Daha sonra, benzer uçları kullanarak, hücrelerin cihaz boyunca ilerlemesini izlemek için çıkış kanalındaki uçları kullanarak her bir kanalı yeniden askıya alınmış hücrelerle yükleyin. Cihaza zarar vermemek için jel yükleme uçlarını çıkış deliklerinden nazikçe çıkarın. Cihazı, 10 dakika boyunca yaklaşık 6.000 kez g'de uygun bir rotor adaptöründe tezgah üstü bir mikrosantrifüjde santrifüjleyin.
Mikroskop altında, ancak cihazı kayar tutucu sahne ekine takmadan başarılı yüklemeyi doğrulayın. PDMS'nin her iki yanındaki kapak camını sahne ekinin altına bantlayarak yüklenen cihazı bir sahne ekine dikkatlice monte edin. Stage yerleştirme cihazı düzeneğini, PDMS yukarı bakacak şekilde ters çevirin ve tozsuz bir mendil gibi yumuşak bir yüzeye yerleştirin.
Birinci faz şırınga pompasının akış hızını dakikada 35 mikrolitreye ayarlayın. Daha sonra her seferinde bir şeritle çalışarak, giriş iğnesini ve ardından atık kabına giden çıkış iğnesini yerleştirin. Cihazı sızıntı açısından görsel olarak inceledikten sonra, orta menisküste bulanık bir şerit olarak görünen ve yavaşça atık kabına doğru hareket edecek olan fazla hücrelerin görünümü için çıkış borusunu inceleyin.
Cihaz yaklaşık 15 dakika çalıştıktan sonra, birinci faz şırınga pompasını dakikada 1,5 mikrolitreye ayarlayın ve akışı duraklatın. Tüm pompa ve cihaz aparatını ters çevrilmiş bir floresan mikroskoba getirin ve birinci faz orta akışını dakikada 1,5 mikrolitre hızla yeniden başlatın. Giriş ve çıkış borularını yönlendirmek için gerektiği gibi bant kullanarak, sahne ekini cihazla birlikte mikroskoba dikkatlice monte edin.

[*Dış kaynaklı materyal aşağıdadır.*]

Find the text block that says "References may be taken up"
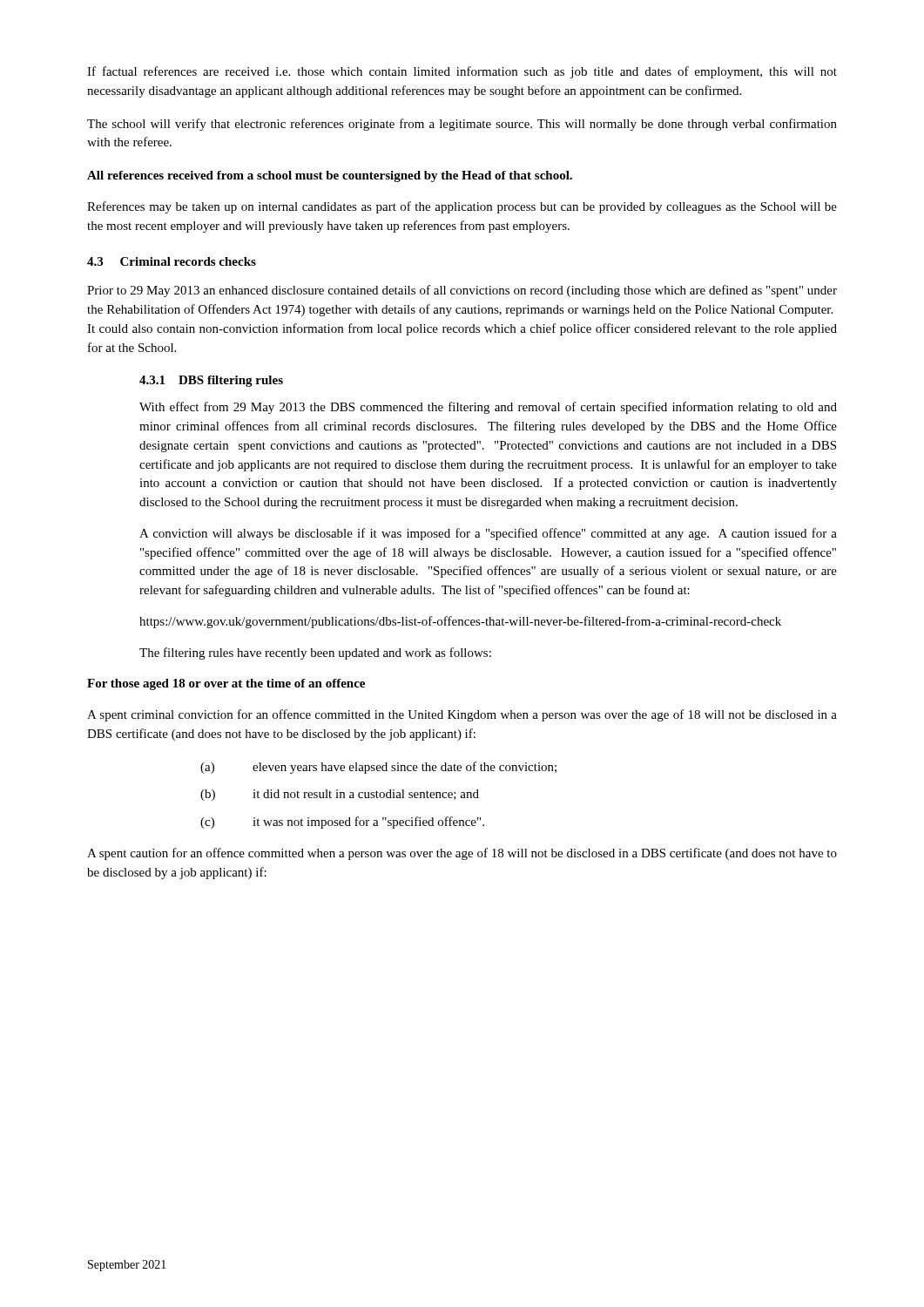This screenshot has width=924, height=1307. tap(462, 216)
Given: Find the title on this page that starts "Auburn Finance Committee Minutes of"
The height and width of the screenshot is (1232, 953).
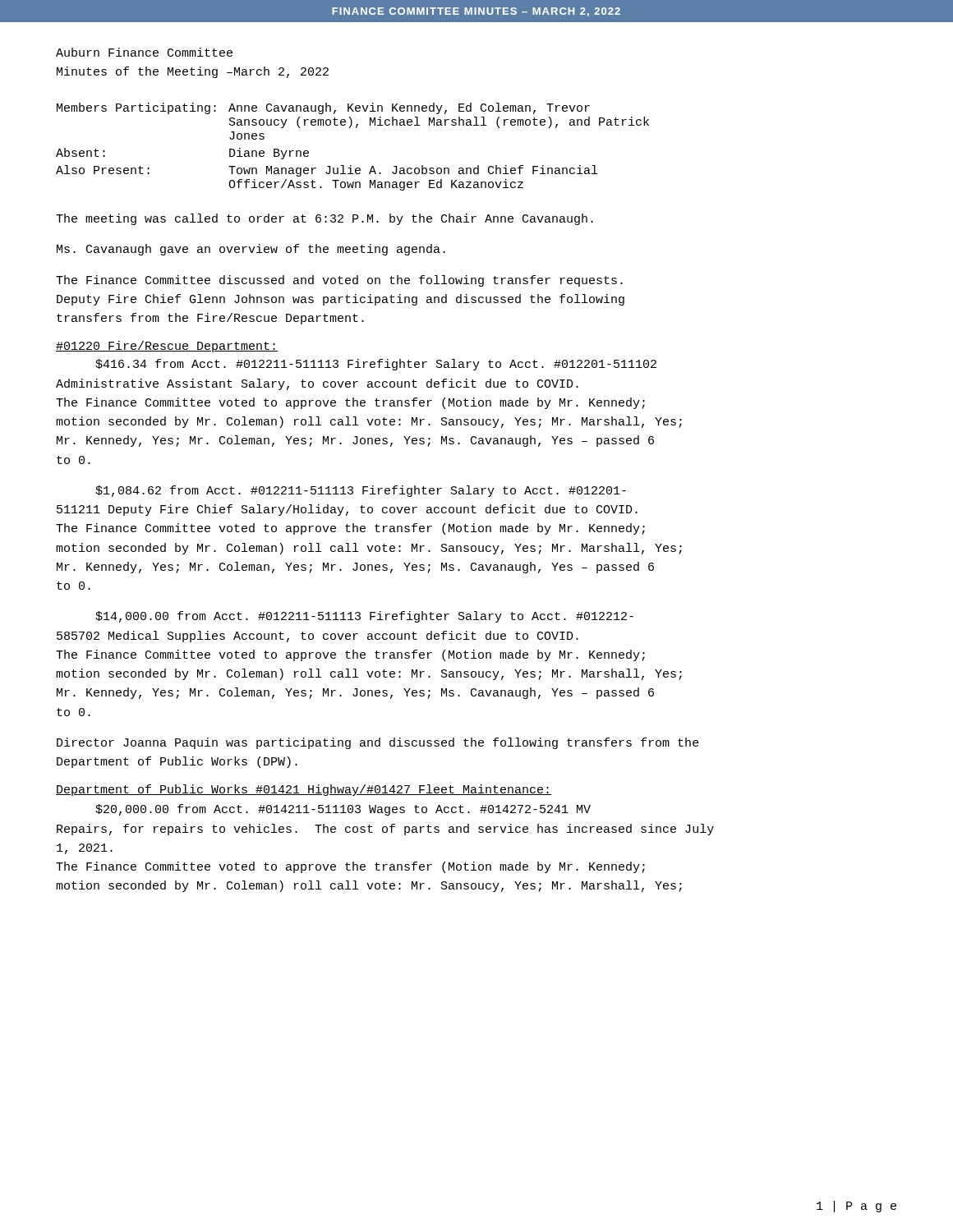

Görüntüleme için cihazda uygun konumları bulun ve istediğiniz gibi görüntülemeye başlayın. Hücrelerin kararlı durum, üstel faz büyümesini okumak için tipik olarak birkaç saat gerektirdiğini ve görüntü alımının başlangıcının istenildiği gibi geciktirilebileceğini, böylece görüntülemenin dengeleme periyodundan sonra başlayabileceğini unutmayın. Ardışık görüntüleme turları arasında ortamı değiştirmek için, faz bir şırınga pompasının akışını duraklatın, bağlayıcı klipsleri faz iki silikon borudan dikkatlice açın, her birini Y bağlantısının faz birinci dalındaki silikon boruya hareket ettirin, ardından faz iki şırınga pompasının akışını duraklatın ve görüntülemeye devam edin.
Faz kontrast mikroskobu ile değerlendirildiği gibi, mikroakışkan tesisatı cihaza takmadan önce, mikroakışkan yan kanalların tamamı veya neredeyse tamamı bir veya daha fazla bakteri hücresi içeriyorsa, ilk hücre yüklemesi başarılı olarak kabul edilecektir. Cihaz ilk yüklendikten sonra, nispeten yüksek bir akış hızında dengelenir. Burada gösterildiği gibi, dengelenmiş bir cihazın mikroskobik incelemesi, yan kanalların çoğunda tek bir eğe içinde hapsedilmiş birkaç hücreyi ortaya çıkarmalıdır.
Dengelenmiş bir cihaz, 37 santigrat derecede dakikada 1,5 mikrolitre akış altında mikroskop üzerine yerleştirildiğinde, hücreler yaklaşık iki saat boyunca düzgün ve sabit üstel faz büyümesine devam edecektir. Üstel faz büyümesine devam eden hücreler, en az 24 saat boyunca parlak alan veya floresan mikroskobu kullanılarak güvenilir bir şekilde görüntülenebilir. Bir orta anahtarının tanıtılması, yürütülebilecek deney yelpazesini genişletir, ancak aynı zamanda girişte yerinden çıkan ve besleme kanalından geçen hava kabarcıkları veya hücre kümelerinin varlığı yoluyla katastrofik hücre ölümü olaylarının sıklığını artırır.
Bir kez ustalaştıktan sonra, bu teknik uygun şekilde yapılırsa yaklaşık beş saat içinde yapılabilir. Bu prosedürü kullanarak, farklı floresan raportörler, suşlar ve çevresel koşullarla, çok nadir veya geçici olaylar da dahil olmak üzere çok çeşitli fizyolojik olaylar incelenebilir.
View the full transcript and gain access to thousands of scientific videos
Bu makale, özellikle Bacillus subtilis kullanarak bireysel bakteri hücre soylarını analiz etmek için bir mikrofluidik yöntemi sunar. Teknik, kontrollü büyüme koşulları altında hücre nesillerinin uzun süreli gözlemini sağlar ve geleneksel mikrobiyoloji yöntemlerinin sınırlamalarını giderir.